Dean Phillips, the Democratic congressman from Minnesota who bucked his party to become the only elected official to challenge Joe Biden for the Democratic primary earlier this year, has said he is “saddened” by the accuracy of his prediction at the time that the outgoing president could not win re-election.
“If what I feel now is vindication, it’s awfully unsatisfying,” Phillips told Politico, adding: “The fact was, he was not in a position to win. The fact was his approval numbers were historically low. The fact was his physical decline was real.”
Phillips, who is now retiring from Congress, told the outlet: “The only vindication I cared about was my own, and I’m saddened that I’m vindicated. I would have much rather traded that vindication for success, and that’s why I’m so utterly disappointed in many of my colleagues and our party.”
The congressman’s comments come as Democrats attempt to take stock of the scale of their defeat in November, when Donald Trump won the presidency over Kamala Harris, who had replaced Biden as the Democratic nominee after he eventually quit the race, and with it a possible path forward.
Phillips had called for a secret party vote of confidence on Biden just hours before the president announced he was abandoning his re-election bid in July. Phillips quickly threw his support behind the vice-president to become the party’s nominee because of “fear of political retribution”, he told the outlet.
He expressed a high level of frustration with his own party.
“We are totally devoid of leadership. We are rudderless,” Phillips said in the interview.

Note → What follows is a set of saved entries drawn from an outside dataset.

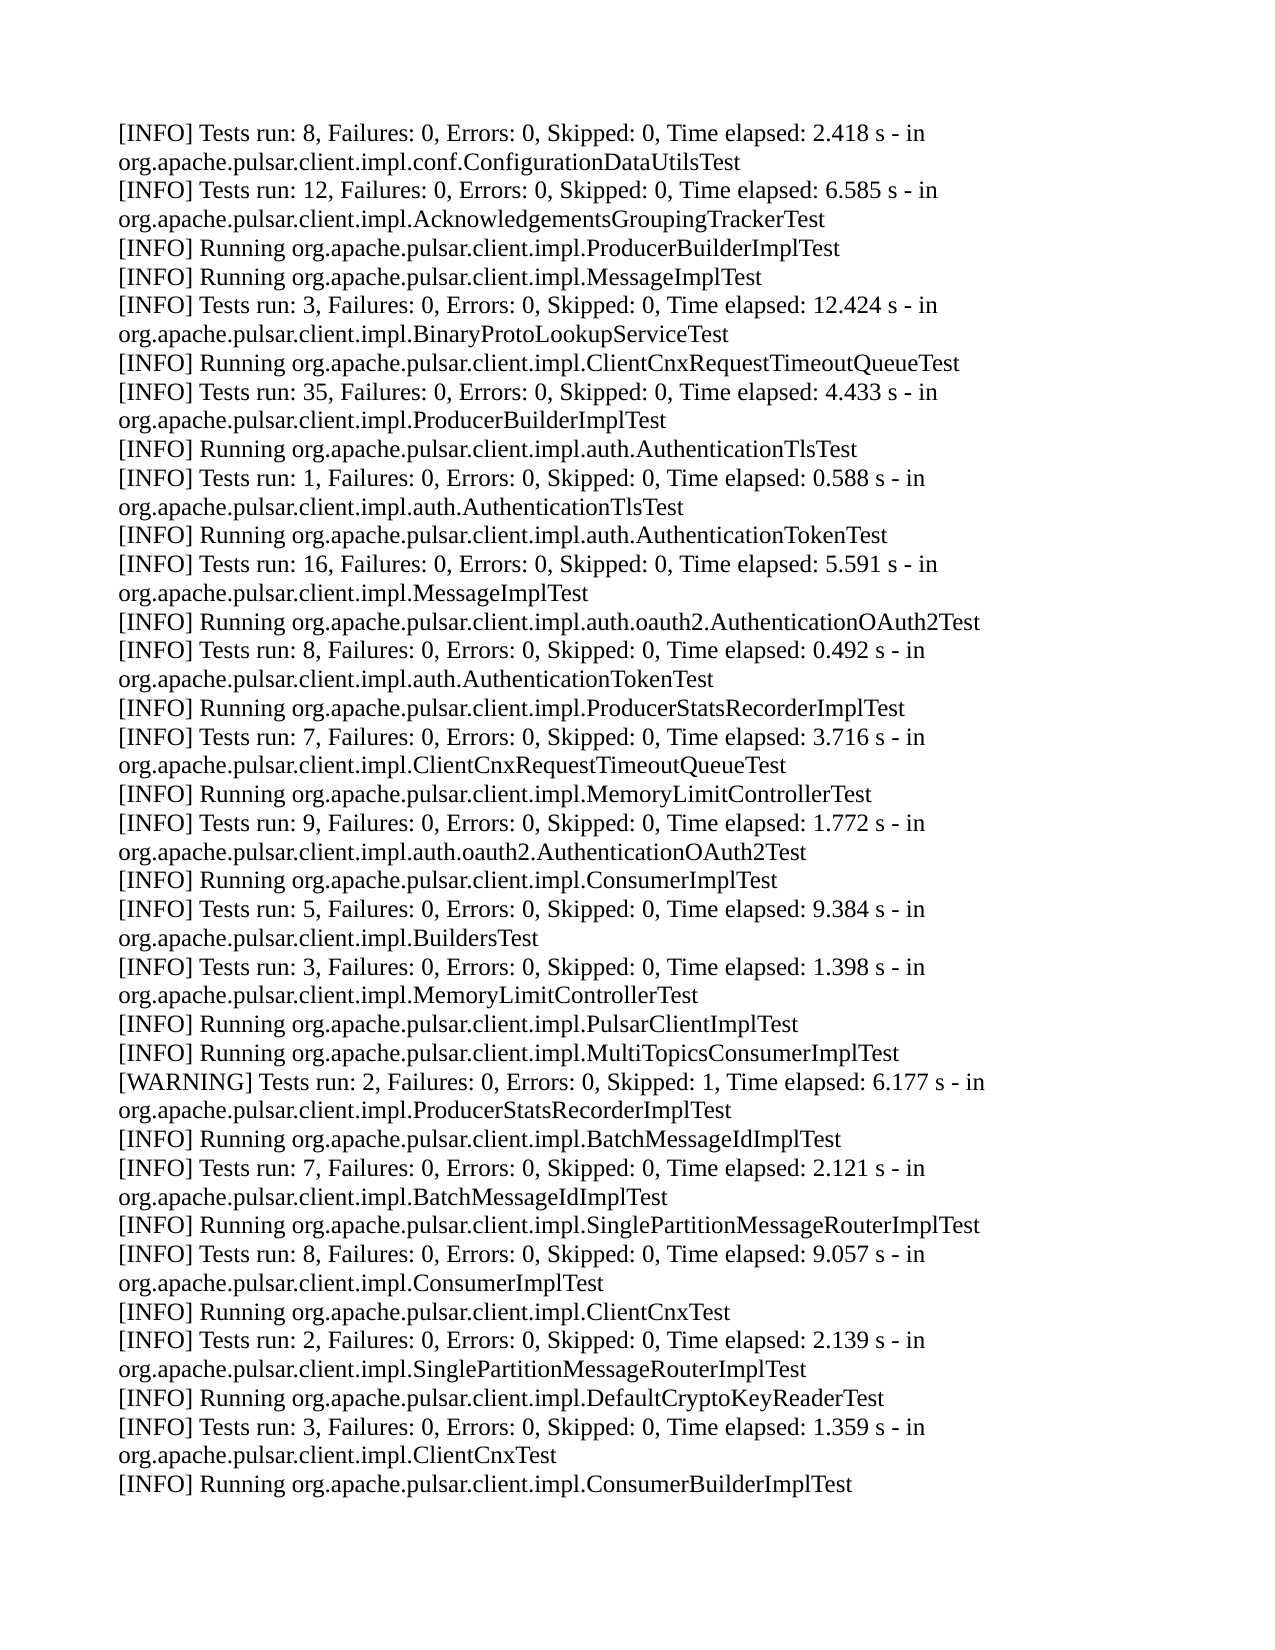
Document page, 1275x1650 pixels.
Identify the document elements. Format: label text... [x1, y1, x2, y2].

text [INFO] Running org.apache.pulsar.client.impl.ProducerStatsRecorderImplTest [118, 693, 1157, 722]
text [INFO] Running org.apache.pulsar.client.impl.auth.AuthenticationTlsTest [118, 434, 1157, 463]
text [INFO] Running org.apache.pulsar.client.impl.MessageImplTest [118, 262, 1157, 291]
text [INFO] Tests run: 8, Failures: 0, Errors: 0, Skipped: 0, Time elapsed: 9.057 s - in org.apache.pulsar.client.impl.ConsumerImplTest [118, 1239, 1157, 1297]
text [INFO] Tests run: 3, Failures: 0, Errors: 0, Skipped: 0, Time elapsed: 12.424 s - in org.apache.pulsar.client.impl.BinaryProtoLookupServiceTest [118, 291, 1157, 348]
text [INFO] Tests run: 5, Failures: 0, Errors: 0, Skipped: 0, Time elapsed: 9.384 s - in org.apache.pulsar.client.impl.BuildersTest [118, 894, 1157, 952]
text [INFO] Running org.apache.pulsar.client.impl.auth.AuthenticationTokenTest [118, 521, 1157, 549]
text [INFO] Tests run: 35, Failures: 0, Errors: 0, Skipped: 0, Time elapsed: 4.433 s - in org.apache.pulsar.client.impl.ProducerBuilderImplTest [118, 377, 1157, 434]
text [INFO] Running org.apache.pulsar.client.impl.auth.oauth2.AuthenticationOAuth2Test [118, 607, 1157, 636]
text [INFO] Running org.apache.pulsar.client.impl.ClientCnxTest [118, 1297, 1157, 1326]
text [INFO] Running org.apache.pulsar.client.impl.BatchMessageIdImplTest [118, 1124, 1157, 1153]
text [INFO] Running org.apache.pulsar.client.impl.ProducerBuilderImplTest [118, 233, 1157, 262]
text [INFO] Tests run: 7, Failures: 0, Errors: 0, Skipped: 0, Time elapsed: 2.121 s - in org.apache.pulsar.client.impl.BatchMessageIdImplTest [118, 1153, 1157, 1211]
text [INFO] Running org.apache.pulsar.client.impl.ConsumerBuilderImplTest [118, 1469, 1157, 1498]
text [INFO] Running org.apache.pulsar.client.impl.DefaultCryptoKeyReaderTest [118, 1383, 1157, 1412]
text [INFO] Running org.apache.pulsar.client.impl.PulsarClientImplTest [118, 1009, 1157, 1038]
text [WARNING] Tests run: 2, Failures: 0, Errors: 0, Skipped: 1, Time elapsed: 6.177 s - in org.apache.pulsar.client.impl.ProducerStatsRecorderImplTest [118, 1067, 1157, 1124]
text [INFO] Running org.apache.pulsar.client.impl.MultiTopicsConsumerImplTest [118, 1038, 1157, 1067]
text [INFO] Running org.apache.pulsar.client.impl.MemoryLimitControllerTest [118, 779, 1157, 808]
text [INFO] Tests run: 7, Failures: 0, Errors: 0, Skipped: 0, Time elapsed: 3.716 s - in org.apache.pulsar.client.impl.ClientCnxRequestTimeoutQueueTest [118, 722, 1157, 779]
text [INFO] Tests run: 3, Failures: 0, Errors: 0, Skipped: 0, Time elapsed: 1.359 s - in org.apache.pulsar.client.impl.ClientCnxTest [118, 1412, 1157, 1469]
text [INFO] Running org.apache.pulsar.client.impl.ConsumerImplTest [118, 866, 1157, 894]
text [INFO] Tests run: 12, Failures: 0, Errors: 0, Skipped: 0, Time elapsed: 6.585 s - in org.apache.pulsar.client.impl.AcknowledgementsGroupingTrackerTest [118, 176, 1157, 233]
text [INFO] Tests run: 8, Failures: 0, Errors: 0, Skipped: 0, Time elapsed: 0.492 s - in org.apache.pulsar.client.impl.auth.AuthenticationTokenTest [118, 636, 1157, 693]
text [INFO] Tests run: 2, Failures: 0, Errors: 0, Skipped: 0, Time elapsed: 2.139 s - in org.apache.pulsar.client.impl.SinglePartitionMessageRouterImplTest [118, 1326, 1157, 1383]
text [INFO] Running org.apache.pulsar.client.impl.ClientCnxRequestTimeoutQueueTest [118, 348, 1157, 377]
text [INFO] Tests run: 1, Failures: 0, Errors: 0, Skipped: 0, Time elapsed: 0.588 s - in org.apache.pulsar.client.impl.auth.AuthenticationTlsTest [118, 463, 1157, 521]
text [INFO] Running org.apache.pulsar.client.impl.SinglePartitionMessageRouterImplTest [118, 1211, 1157, 1239]
text [INFO] Tests run: 9, Failures: 0, Errors: 0, Skipped: 0, Time elapsed: 1.772 s - in org.apache.pulsar.client.impl.auth.oauth2.AuthenticationOAuth2Test [118, 808, 1157, 866]
text [INFO] Tests run: 8, Failures: 0, Errors: 0, Skipped: 0, Time elapsed: 2.418 s - in org.apache.pulsar.client.impl.conf.ConfigurationDataUtilsTest [118, 118, 1157, 176]
text [INFO] Tests run: 16, Failures: 0, Errors: 0, Skipped: 0, Time elapsed: 5.591 s - in org.apache.pulsar.client.impl.MessageImplTest [118, 549, 1157, 607]
text [INFO] Tests run: 3, Failures: 0, Errors: 0, Skipped: 0, Time elapsed: 1.398 s - in org.apache.pulsar.client.impl.MemoryLimitControllerTest [118, 952, 1157, 1009]

“This party needs a comprehensive turnaround, and conventional wisdom no longer works. A party that consists of multiple silos and campaign committees and outside groups cannot strategically do its job, and that means leadership,” he added.
Phillips is not the only outgoing Democrat or former Democrat to express disappointment with the party. Last week, Senator Joe Manchin branded the party so “toxic” that he was no longer able to consider himself a Democrat “in the form of what Democratic party has turned itself into”.
Phillips told Politico that the path back to popular political representation, and with it electoral success, was not necessarily difficult to chart.
“What do we have to do? Listen, it’s not that hard. This is not rocket science. It starts with listening, and it means getting out to places and spaces and people and communities that we’ve all but turned our back on.”
But he said it was “ironic that the Republican party is now representing America’s working class. It’s astounding, and that was ceded to them by people that have prioritized things like tenure over talent, identity politics over pragmatic problem solving. It’s as simple as that, but it takes leadership.”